Published: September 2008

Africa's Elephants

Elephant Flowers

Africa's Elephants: Can They Survive?

(Originally published in the November 1980 issue of National Geographic)

Wildlife consultants Oria and Iain Douglas-Hamilton tally the continent's embattled giants, documenting the havoc wreaked by ivory hunters and human population pressure.

By Oria Douglas-Hamilton
Photograph by Oria and Iain Douglas-Hamilton

In the immense silence of dawn, before the sun rose and burned the skies, I watched through the opening of our tent the morning beauty of an untouched place, and dreamed how lucky we were to be here in one of the strongholds of the elephant in Africa.
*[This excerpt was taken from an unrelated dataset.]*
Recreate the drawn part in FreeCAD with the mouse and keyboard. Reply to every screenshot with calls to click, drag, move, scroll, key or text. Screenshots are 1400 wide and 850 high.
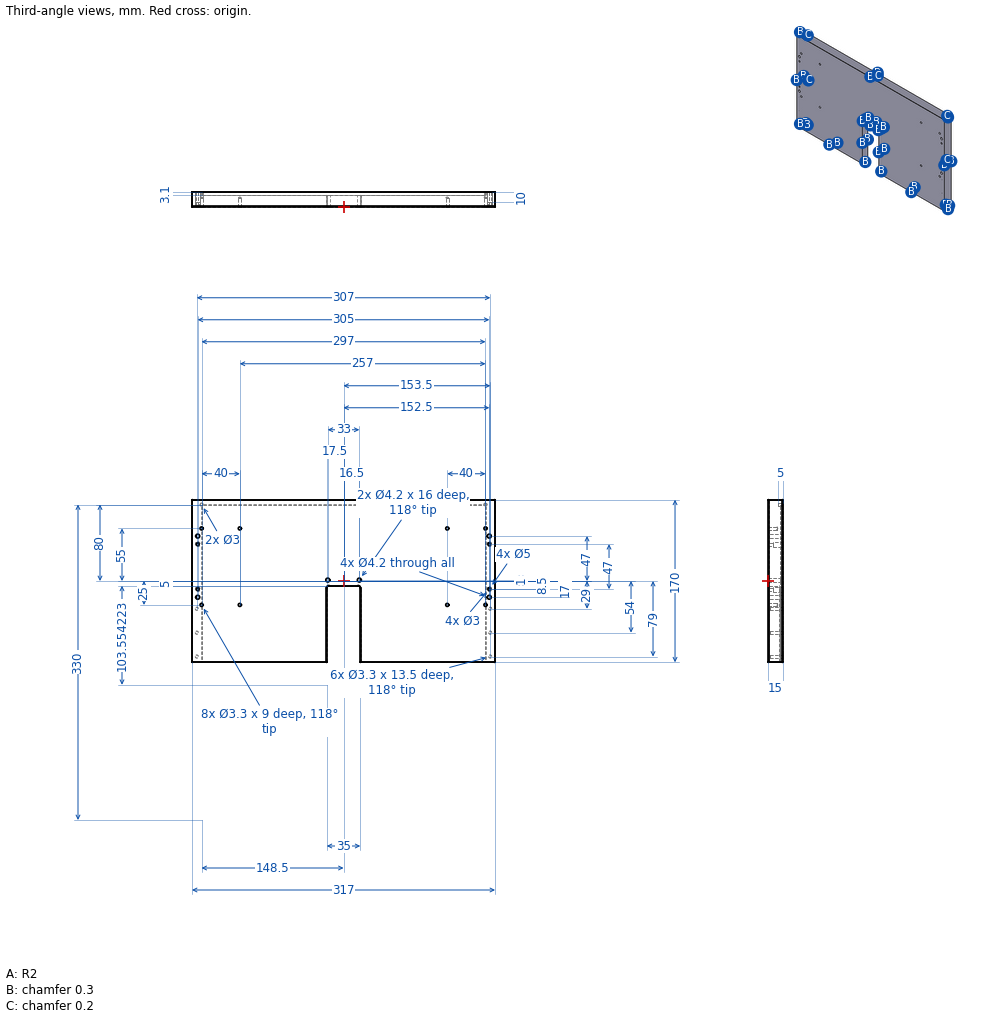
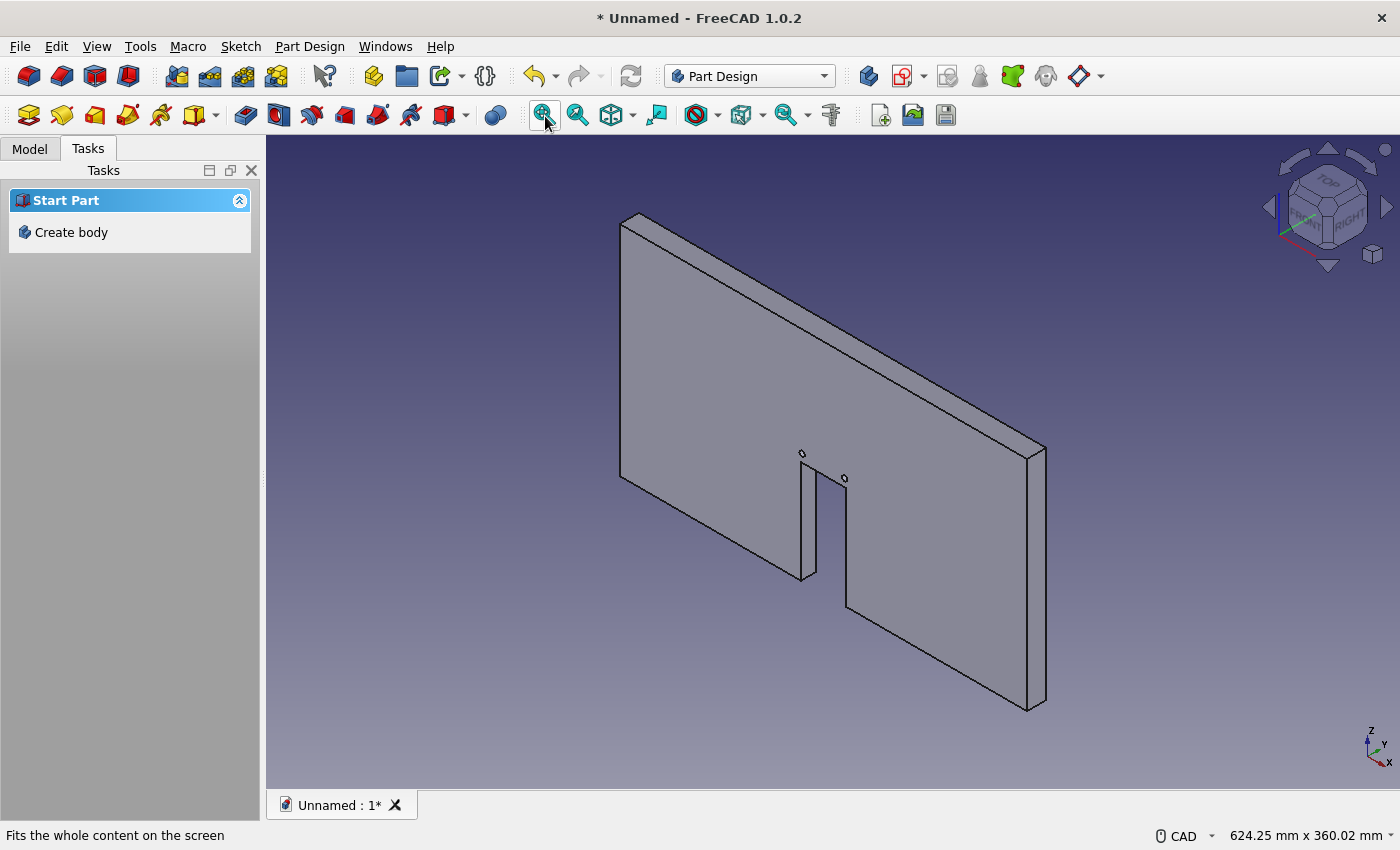
scroll(853, 483, up, 4)

Then, across the hills of Tanzania’s Selous Game Reserve, a gunshot echoed and broke all dreams. A terrible stillness followed; then two, three, four shots blasted out and set my heart pounding. I could see an elephant limping away from a line of tents. People were running.

I fell into some clothes and ran down the green slope. The elephant was limping badly, his right side stained red. I joined some half-dressed game scouts. One, draped in a towel, held an empty gun. He was going back to his tent to get more cartridges.

The elephant kept walking away, and we, 15 of us, followed. He had such a sad look on his face—no anger or violence. His head was bobbing from side to side to keep watch on us, his trunk testing the ground ahead. The scout returned, fired, and missed; fired again and hit in the shoulder, and the blood ran through the crackly skin.

My husband, Iain, took the gun from the scout. He did not want to shoot the elephant, he hated shooting elephants, but there was no choice. Iain aimed and fired.